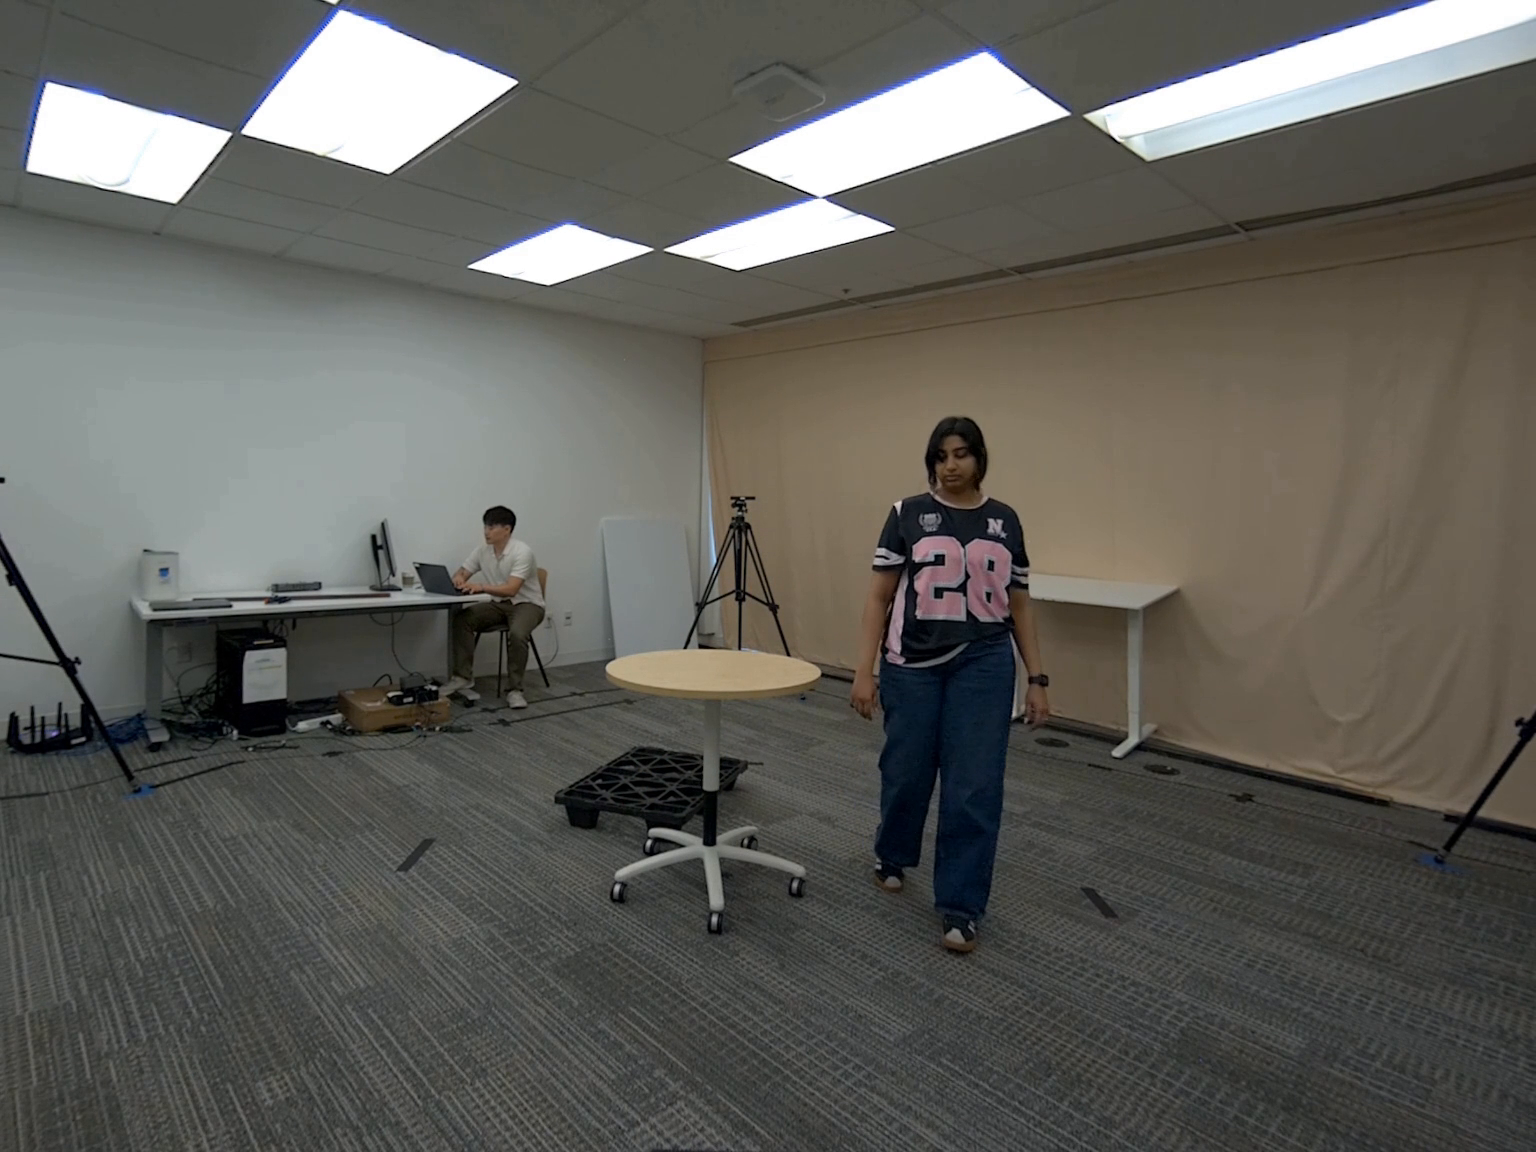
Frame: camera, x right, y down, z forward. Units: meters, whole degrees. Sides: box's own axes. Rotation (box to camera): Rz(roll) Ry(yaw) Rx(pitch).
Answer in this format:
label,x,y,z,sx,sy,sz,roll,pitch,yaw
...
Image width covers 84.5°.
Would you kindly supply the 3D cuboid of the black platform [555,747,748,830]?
label,x,y,z,sx,sy,sz,roll,pitch,yaw
black platform,-0.496,0.966,3.791,0.614,0.143,0.795,4,6,18
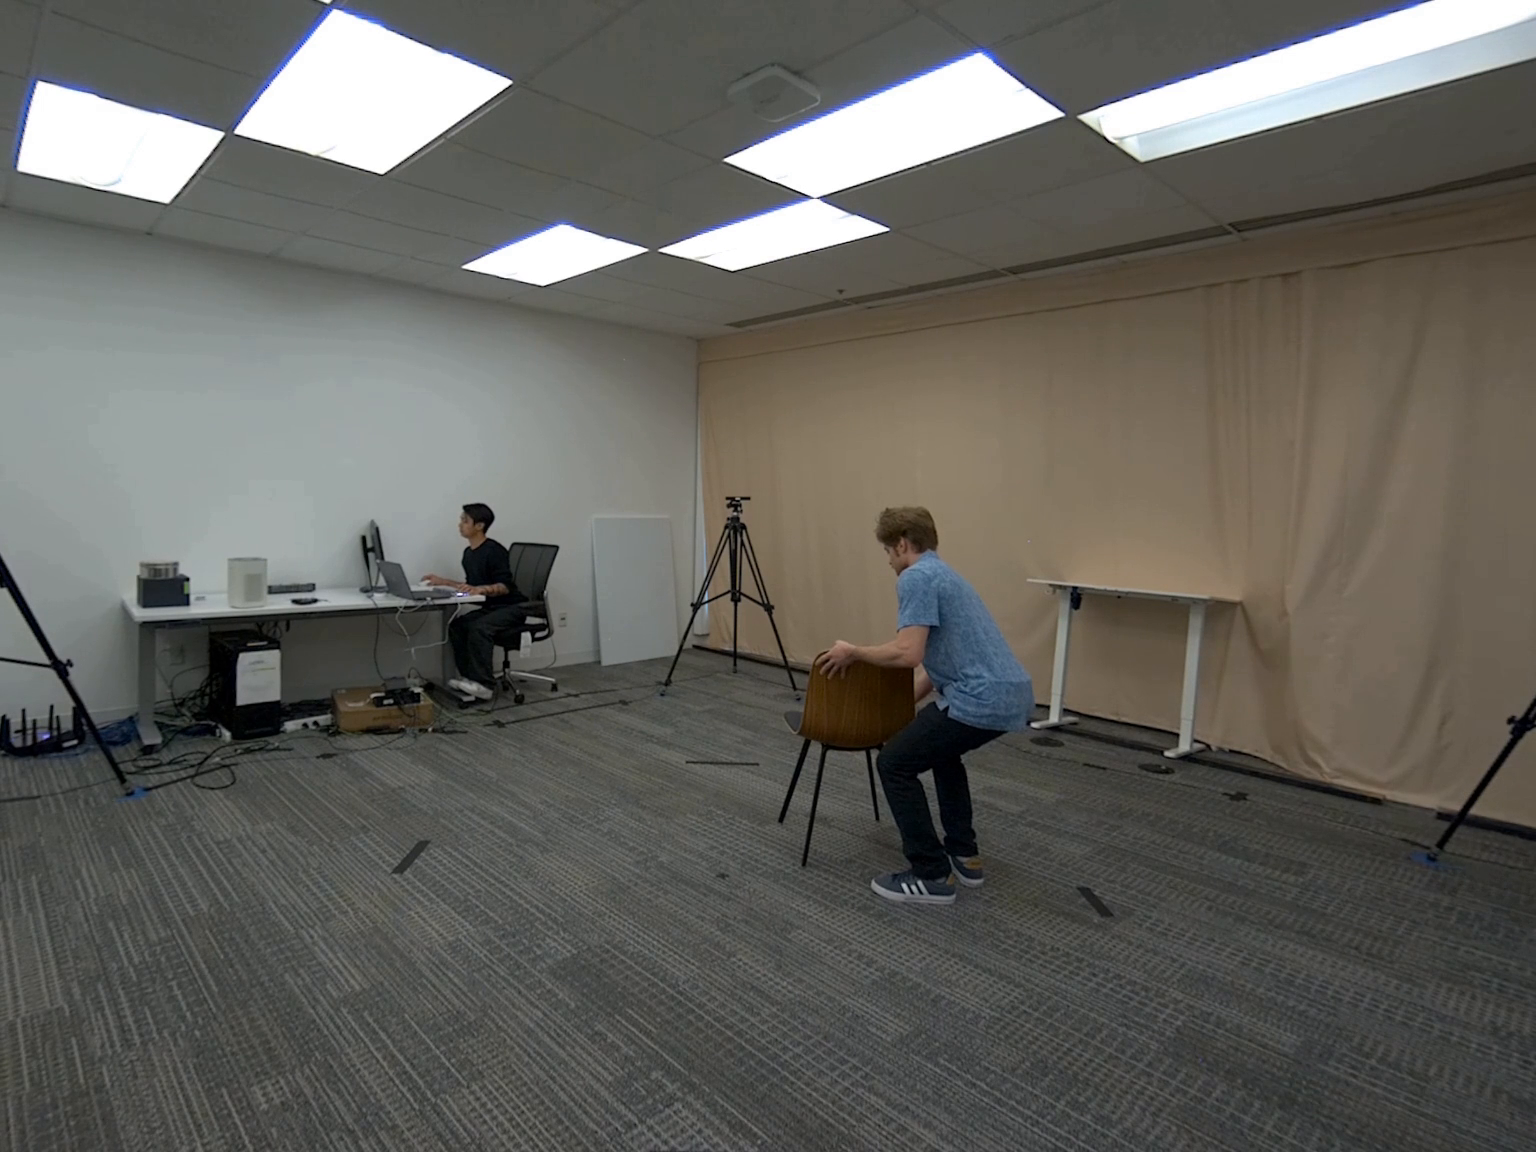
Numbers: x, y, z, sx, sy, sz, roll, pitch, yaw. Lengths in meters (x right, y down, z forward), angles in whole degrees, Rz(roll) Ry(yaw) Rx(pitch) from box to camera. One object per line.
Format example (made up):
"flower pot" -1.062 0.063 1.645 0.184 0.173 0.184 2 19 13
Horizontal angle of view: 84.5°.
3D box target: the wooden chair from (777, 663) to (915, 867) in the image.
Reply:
"wooden chair" 0.303 0.657 3.426 0.474 0.873 0.530 1 7 -11
-- -- --
* The task *
Copy every line of the records above that holds the word "degrees".

* Task output *
Frame: camera, x right, y down, z forward. Units: meters, whole degrees. Sides: box's own axes. Rotation (box to camera): Rz(roll) Ry(yaw) Rx(pitch).
Numbers: x, y, z, sx, sy, sz, roll, pitch, yaw. Lengths in meters (x right, y down, z forward), angles in whole degrees, Rz(roll) Ry(yaw) Rx(pitch) from box to camera. One object per line.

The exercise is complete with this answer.